Our Options May be Waning

By Armando Chaguaceda

 Havana Barbershop, photo: Caridad
Havana Barbershop, photo: Caridad

Being informed and politicized should be common in a country like Cuba, which is celebrating 50 years of its struggle to maintain its independence. However, among many friends, neighbors and family members, all worried about filling their plates daily, trying to “disconnect” from stress and to at least appear like their doing alright, they each end up feeling strange and alone.

When activism is discouraged by frustrations and sanctions, where the press portrays a country that is unreal, and where personal solutions are found through illegalities or infractions, to embrace a spontaneous economic liberalism appears as common sense for a good part of my compatriots.

One therefore wonders what the hell this is, and how they can fit into the world that surrounds them.

I was raised as a leftist (as a “revolutionary” I would call the tradition) by a family with convictions of anti-imperialism and social justice, that joined in the revolution of 1959 by its own volition, and not to be part of the false and simplistic equation of “poverty = radicalism = emancipation.”

In my years of activism (thirteen years in the Young Communist League and eight in cultural, community and informal organizations) I have tried to articulate feelings and ideology, personal horizons and a social mission.

After twelve years in the beautiful field of teaching, I have always believed in the classroom as an public space of responsible freedom, a forum for forging conscience and collective learning through a dialogue that erases hierarchies.

Participating in youth and student marches, opening my classes to testimonies from comrades from throughout Latin America, battling against bureaucrats and trying to be integral in what I feel, think, speak, write and do, have been my antidotes to reduce fear, fatigue and disappointment.

Nonetheless, I have grown to feel that, between immobility itself and strange attractions, “time passes…” like singer/songwriter Pablo Milanes says-and our options seem to be passing as well.

Armando Chaguaceda

Armando Chaguaceda: My curriculum vitae presents me as a historian and political scientist.

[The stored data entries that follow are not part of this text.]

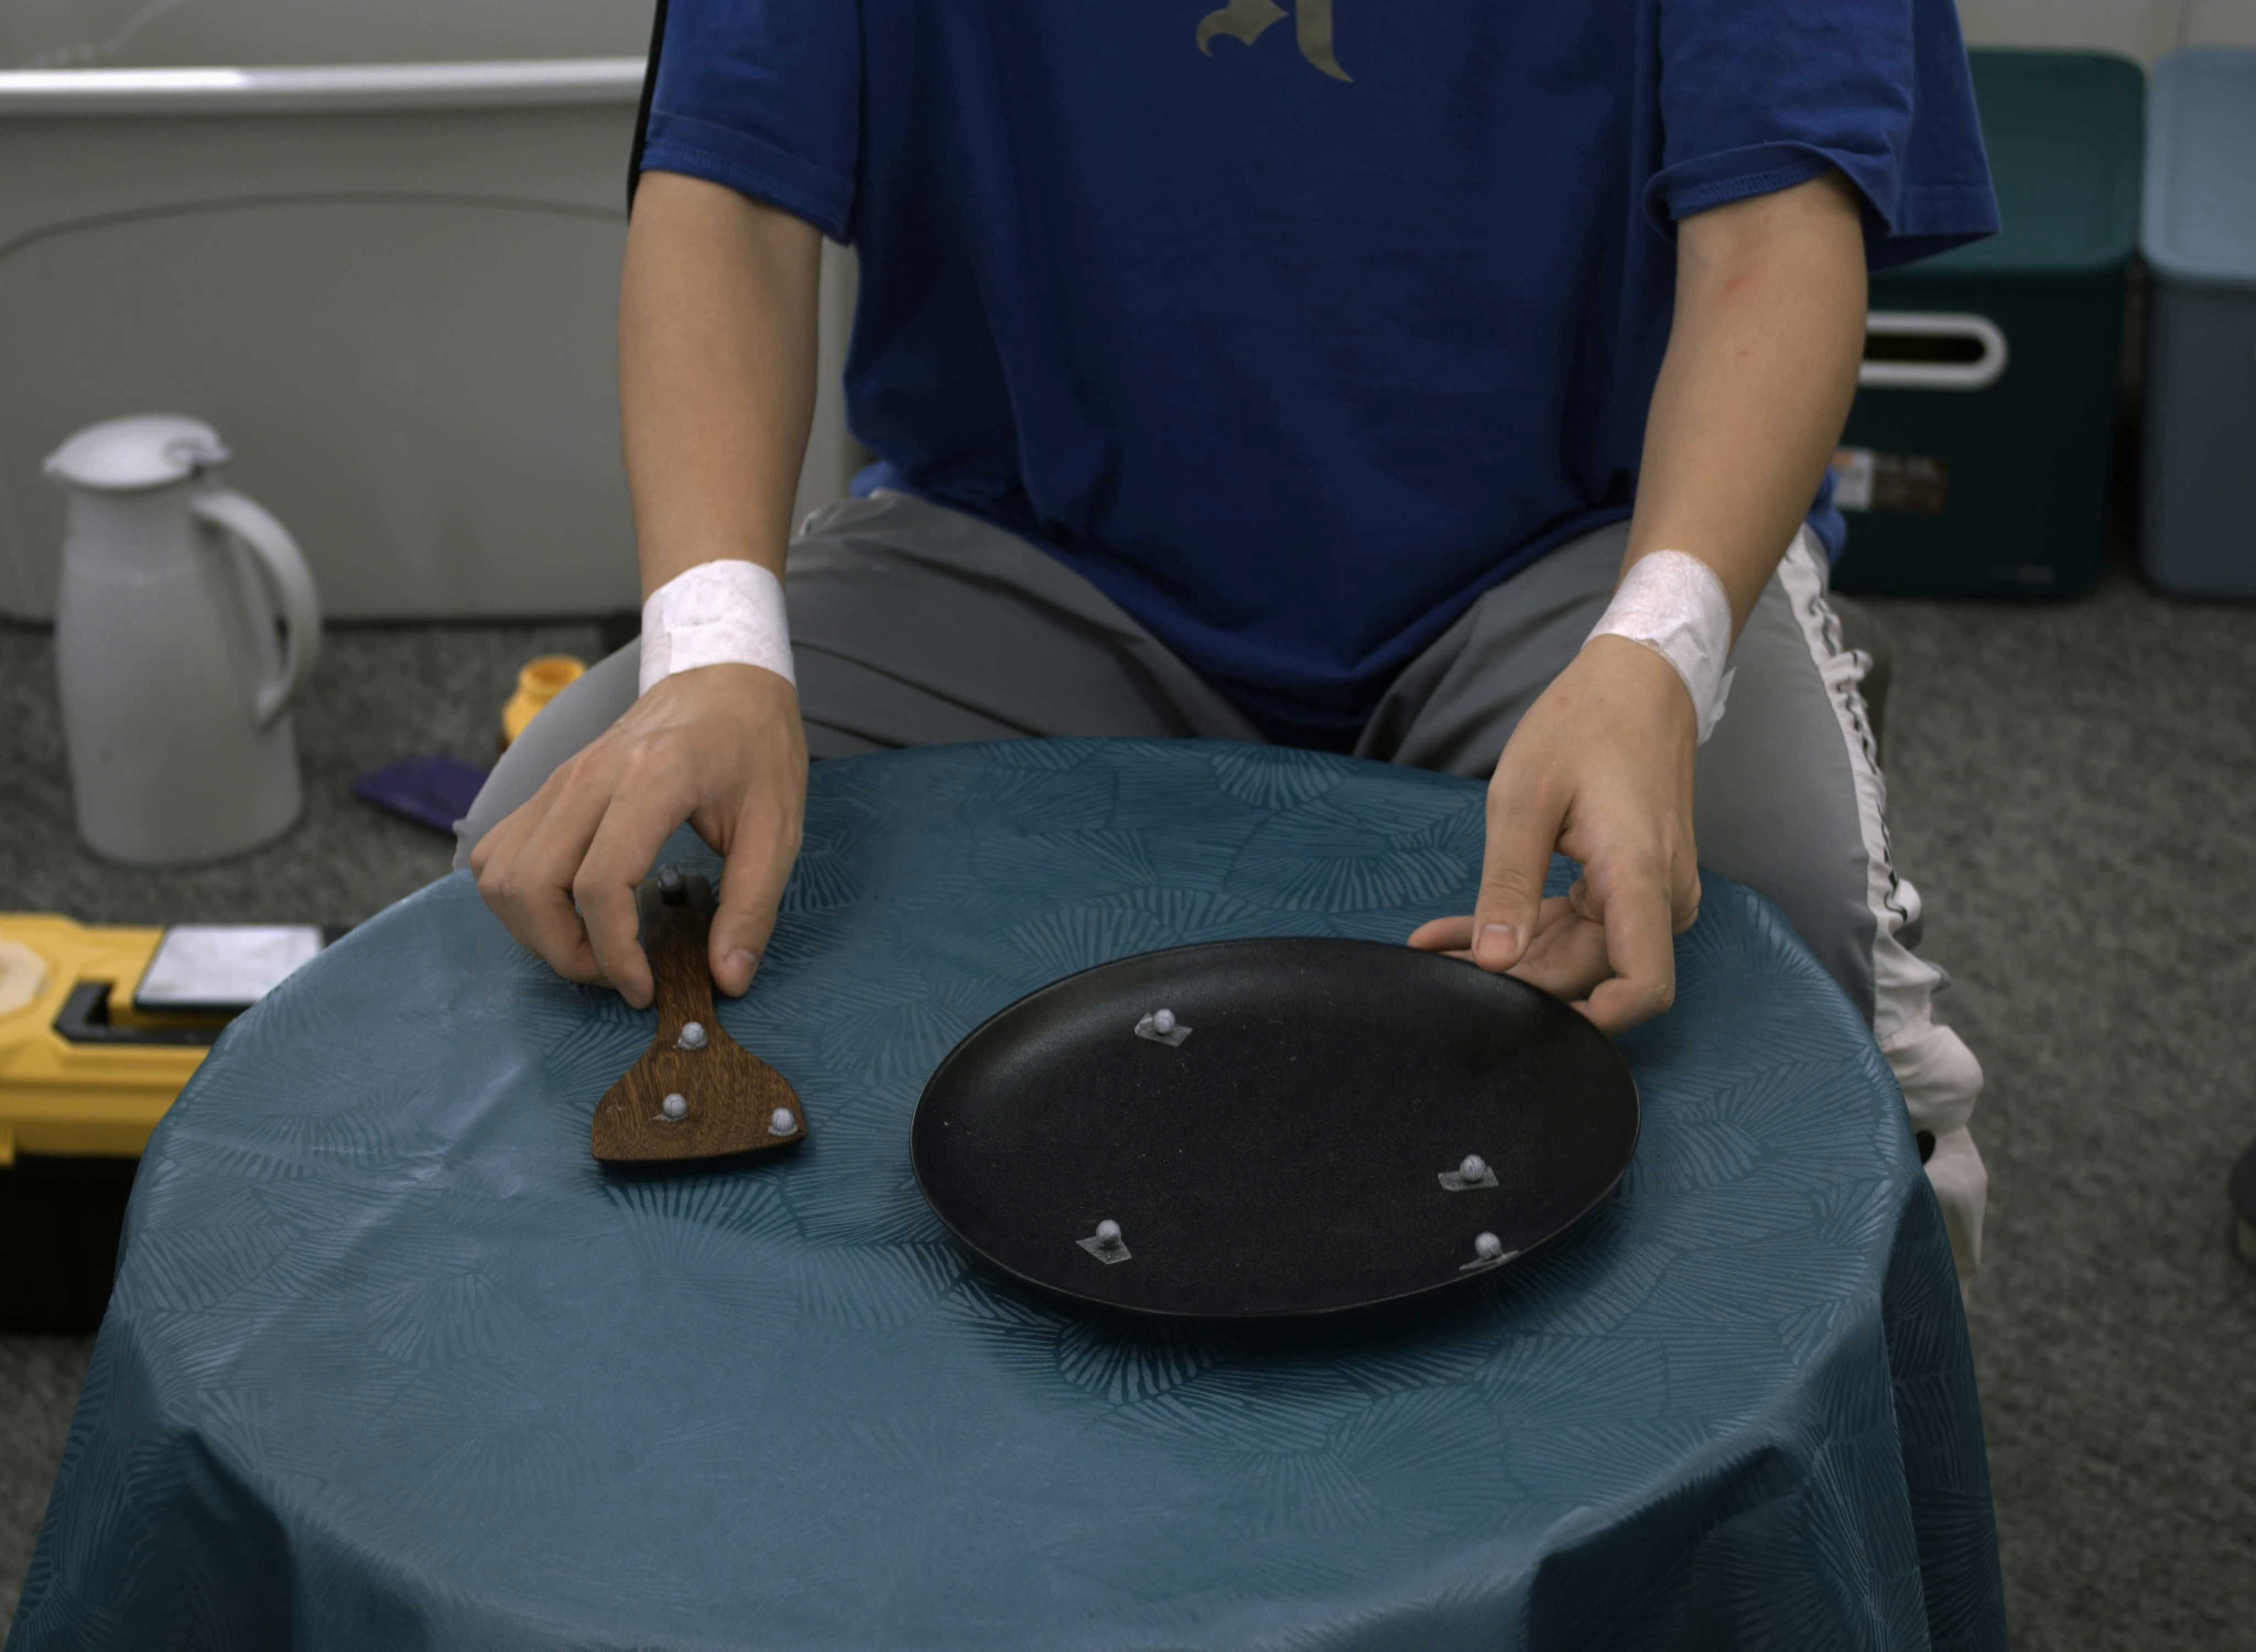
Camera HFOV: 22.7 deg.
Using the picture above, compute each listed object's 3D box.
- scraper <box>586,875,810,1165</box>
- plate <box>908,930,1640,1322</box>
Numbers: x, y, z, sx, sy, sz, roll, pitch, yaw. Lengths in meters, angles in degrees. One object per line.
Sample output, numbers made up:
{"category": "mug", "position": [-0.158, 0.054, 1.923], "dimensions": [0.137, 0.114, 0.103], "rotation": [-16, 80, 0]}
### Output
{"category": "scraper", "position": [-0.155, 0.068, 1.971], "dimensions": [0.075, 0.011, 0.214], "rotation": [-4, 27, -5]}
{"category": "plate", "position": [0.048, 0.103, 1.863], "dimensions": [0.243, 0.023, 0.248], "rotation": [-3, 28, 2]}

I'm from an unclassifiable generation who collected the achievements, frustrations and promises of the Cuban Revolution and now resists on the island or contributes through numerous websites, trying to remain human without dying in the attempt.



2 thoughts on “Our Options May be Waning

  • Xalapa, Mexico, I Don’t know where this is. I have lived in Cuernavaca, MX for parts of 3 years. I have had frustrations too. Someone suggested, Living in the Present Moment,Only Moment. When I Did this I found it was easier and my frustrations diminished. In fact I carried this idea further by saying, “I am Ok right now” repeatedly until my frustrations went away.”

    Robert

    Reply
  • Whatever the failings of the Cuban Revolution so far, Armando — do you really want the Miami Mafia to seize control of Cuba..? Can you imagine the bloodbath to follow in the wake of even sweet lies, as they came to power with imperialist money..? Since you’re now living in a capitalist country, you can really start to make comparisons. That’s good. I think any cuban who wants to leave should be allowed to do so without problem — because I’m certain that many will lose their illusions/delusions about the actual nature of capitalist “wealth” (way back, I remember reading of a russian émigré admitting that Western “Freedom” was a very tough ‘freedom’ indeed…) Perhaps cubans who wished to leave could begin in a systematic, organized way by moving to Venezuela as part of some exchange program or something. Just as long as everyone kept tabs of the inevitable machinations of colombian and gusano subversion, etc. towards these people…

    I’ve spent my whole life inside the capitalist system, Armando. I even had the opportunity to join the ‘elite’ when I was young. ‘Fortunately’ (a relative term, since I now have a lovely little deathsquad stalking me for decades now, waiting their moment…), I also grew up immersed in a town with a strong — albeit fading — working-class and socialist class-struggle tradition… and so I was able to avoid much of the effects of the relentless brainwashing, here in the imperial center — where there is STILL much poverty and degradation. It’s just that you will never see this ugly side of capitalism honestly portrayed in the mass-propaganda media. You just see the glitter and glitz. And the lies and half-truths. I would imagine that this divide is even starker in México.

    Take it from me, Armando: you really, REALLY, want to make socialism work — finally, and better late than never — in Cuba and América Latina. REALLY you do.